• _WHAT TO WORK ON_
Answer with only the number of lines below where "object" appears.

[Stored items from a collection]
BEGIN

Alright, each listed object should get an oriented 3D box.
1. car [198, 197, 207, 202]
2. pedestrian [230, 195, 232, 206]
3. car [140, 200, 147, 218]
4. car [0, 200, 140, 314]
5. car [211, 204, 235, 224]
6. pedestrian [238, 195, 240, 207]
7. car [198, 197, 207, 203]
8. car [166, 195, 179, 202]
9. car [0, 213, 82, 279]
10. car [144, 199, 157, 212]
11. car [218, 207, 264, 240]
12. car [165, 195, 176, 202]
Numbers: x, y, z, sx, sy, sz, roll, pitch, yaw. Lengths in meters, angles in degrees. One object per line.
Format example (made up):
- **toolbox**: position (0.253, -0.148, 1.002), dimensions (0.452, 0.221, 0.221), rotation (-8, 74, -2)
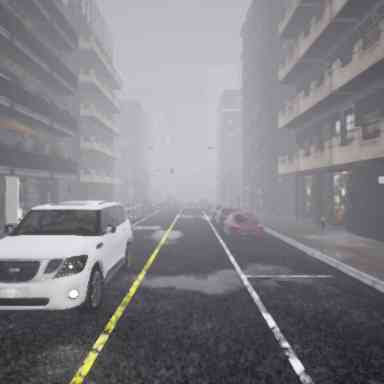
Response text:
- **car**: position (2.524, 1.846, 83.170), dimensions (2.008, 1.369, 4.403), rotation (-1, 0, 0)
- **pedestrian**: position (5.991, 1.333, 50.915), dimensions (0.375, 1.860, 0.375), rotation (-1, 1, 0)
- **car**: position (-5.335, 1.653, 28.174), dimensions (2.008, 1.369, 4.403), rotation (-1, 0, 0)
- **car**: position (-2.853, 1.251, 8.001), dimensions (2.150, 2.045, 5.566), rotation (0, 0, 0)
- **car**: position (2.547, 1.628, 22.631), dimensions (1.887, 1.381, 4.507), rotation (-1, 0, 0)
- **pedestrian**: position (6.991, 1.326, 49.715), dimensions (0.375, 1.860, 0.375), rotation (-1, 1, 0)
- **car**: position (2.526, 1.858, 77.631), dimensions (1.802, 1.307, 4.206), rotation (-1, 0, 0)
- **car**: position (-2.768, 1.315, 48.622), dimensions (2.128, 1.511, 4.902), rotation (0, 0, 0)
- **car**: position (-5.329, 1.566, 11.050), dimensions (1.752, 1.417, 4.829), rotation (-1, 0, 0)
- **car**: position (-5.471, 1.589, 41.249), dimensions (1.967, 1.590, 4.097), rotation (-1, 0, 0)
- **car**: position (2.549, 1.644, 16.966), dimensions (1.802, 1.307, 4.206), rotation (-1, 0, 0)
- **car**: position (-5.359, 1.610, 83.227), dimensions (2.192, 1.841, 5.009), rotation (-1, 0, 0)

END

• _REPLY TO THE TASK_
2